• [Exercise] The expected answer is the set of lines in the data below between the line holding "text От меня" and the line holding "text И когда", inclusive, written out exactly.

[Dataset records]
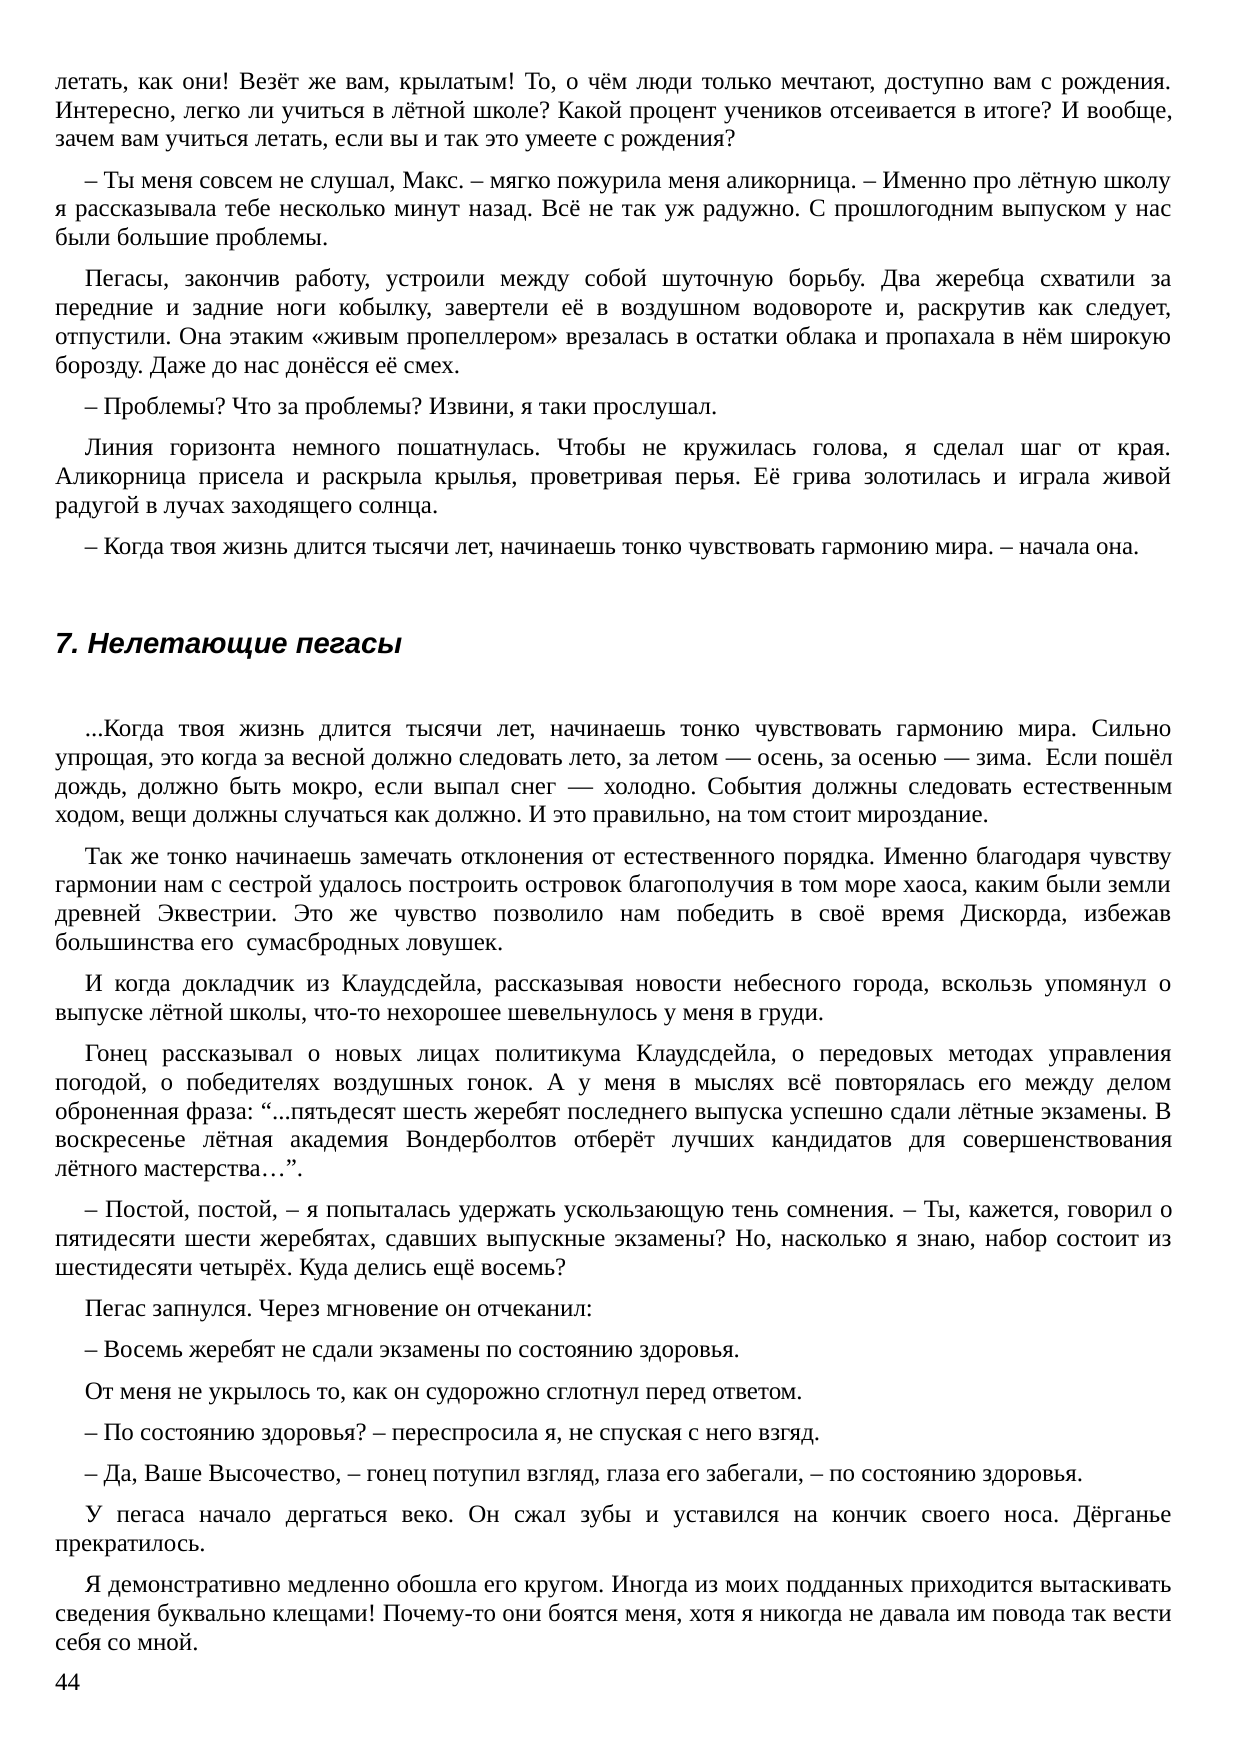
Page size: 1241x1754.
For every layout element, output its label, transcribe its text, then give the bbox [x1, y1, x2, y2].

text – Восемь жеребят не сдали экзамены по состоянию здоровья. [55, 1334, 1173, 1363]
text – Проблемы? Что за проблемы? Извини, я таки прослушал. [55, 391, 1173, 420]
subtitle 7. Нелетающие пегасы [55, 626, 1173, 659]
text Пегасы, закончив работу, устроили между собой шуточную борьбу. Два жеребца схватили за передние и задние ноги кобылку, завертели её в воздушном водовороте и, раскрутив как следует, отпустили. Она этаким «живым пропеллером» врезалась в остатки облака и пропахала в нём широкую борозду. Даже до нас донёсся её смех. [55, 263, 1173, 378]
text Я демонстративно медленно обошла его кругом. Иногда из моих подданных приходится вытаскивать сведения буквально клещами! Почему-то они боятся меня, хотя я никогда не давала им повода так вести себя со мной. [55, 1569, 1173, 1656]
text Гонец рассказывал о новых лицах политикума Клаудсдейла, о передовых методах управления погодой, о победителях воздушных гонок. А у меня в мыслях всё повторялась его между делом оброненная фраза: “...пятьдесят шесть жеребят последнего выпуска успешно сдали лётные экзамены. В воскресенье лётная академия Вондерболтов отберёт лучших кандидатов для совершенствования лётного мастерства…”. [55, 1038, 1173, 1182]
text Линия горизонта немного пошатнулась. Чтобы не кружилась голова, я сделал шаг от края. Аликорница присела и раскрыла крылья, проветривая перья. Её грива золотилась и играла живой радугой в лучах заходящего солнца. [55, 432, 1173, 518]
text – Ты меня совсем не слушал, Макс. – мягко пожурила меня аликорница. – Именно про лётную школу я рассказывала тебе несколько минут назад. Всё не так уж радужно. С прошлогодним выпуском у нас были большие проблемы. [55, 165, 1173, 251]
text ...Когда твоя жизнь длится тысячи лет, начинаешь тонко чувствовать гармонию мира. Сильно упрощая, это когда за весной должно следовать лето, за летом — осень, за осенью — зима. Если пошёл дождь, должно быть мокро, если выпал снег — холодно. События должны следовать естественным ходом, вещи должны случаться как должно. И это правильно, на том стоит мироздание. [55, 713, 1173, 828]
text Пегас запнулся. Через мгновение он отчеканил: [55, 1293, 1173, 1322]
text У пегаса начало дергаться веко. Он сжал зубы и уставился на кончик своего носа. Дёрганье прекратилось. [55, 1499, 1173, 1557]
text – Постой, постой, – я попыталась удержать ускользающую тень сомнения. – Ты, кажется, говорил о пятидесяти шести жеребятах, сдавших выпускные экзамены? Но, насколько я знаю, набор состоит из шестидесяти четырёх. Куда делись ещё восемь? [55, 1194, 1173, 1281]
text От меня не укрылось то, как он судорожно сглотнул перед ответом. [55, 1376, 1173, 1404]
text – По состоянию здоровья? – переспросила я, не спуская с него взгяд. [55, 1417, 1173, 1446]
text летать, как они! Везёт же вам, крылатым! То, о чём люди только мечтают, доступно вам с рождения. Интересно, легко ли учиться в лётной школе? Какой процент учеников отсеивается в итоге? И вообще, зачем вам учиться летать, если вы и так это умеете с рождения? [55, 66, 1173, 152]
text – Да, Ваше Высочество, – гонец потупил взгляд, глаза его забегали, – по состоянию здоровья. [55, 1458, 1173, 1487]
text – Когда твоя жизнь длится тысячи лет, начинаешь тонко чувствовать гармонию мира. – начала она. [55, 531, 1173, 560]
text И когда докладчик из Клаудсдейла, рассказывая новости небесного города, вскользь упомянул о выпуске лётной школы, что-то нехорошее шевельнулось у меня в груди. [55, 968, 1173, 1026]
text Так же тонко начинаешь замечать отклонения от естественного порядка. Именно благодаря чувству гармонии нам с сестрой удалось построить островок благополучия в том море хаоса, каким были земли древней Эквестрии. Это же чувство позволило нам победить в своё время Дискорда, избежав большинства его сумасбродных ловушек. [55, 841, 1173, 956]

• [Your response]
text От меня не укрылось то, как он судорожно сглотнул перед ответом. [55, 1376, 1173, 1404]
text – По состоянию здоровья? – переспросила я, не спуская с него взгяд. [55, 1417, 1173, 1446]
text летать, как они! Везёт же вам, крылатым! То, о чём люди только мечтают, доступно вам с рождения. Интересно, легко ли учиться в лётной школе? Какой процент учеников отсеивается в итоге? И вообще, зачем вам учиться летать, если вы и так это умеете с рождения? [55, 66, 1173, 152]
text – Да, Ваше Высочество, – гонец потупил взгляд, глаза его забегали, – по состоянию здоровья. [55, 1458, 1173, 1487]
text – Когда твоя жизнь длится тысячи лет, начинаешь тонко чувствовать гармонию мира. – начала она. [55, 531, 1173, 560]
text И когда докладчик из Клаудсдейла, рассказывая новости небесного города, вскользь упомянул о выпуске лётной школы, что-то нехорошее шевельнулось у меня в груди. [55, 968, 1173, 1026]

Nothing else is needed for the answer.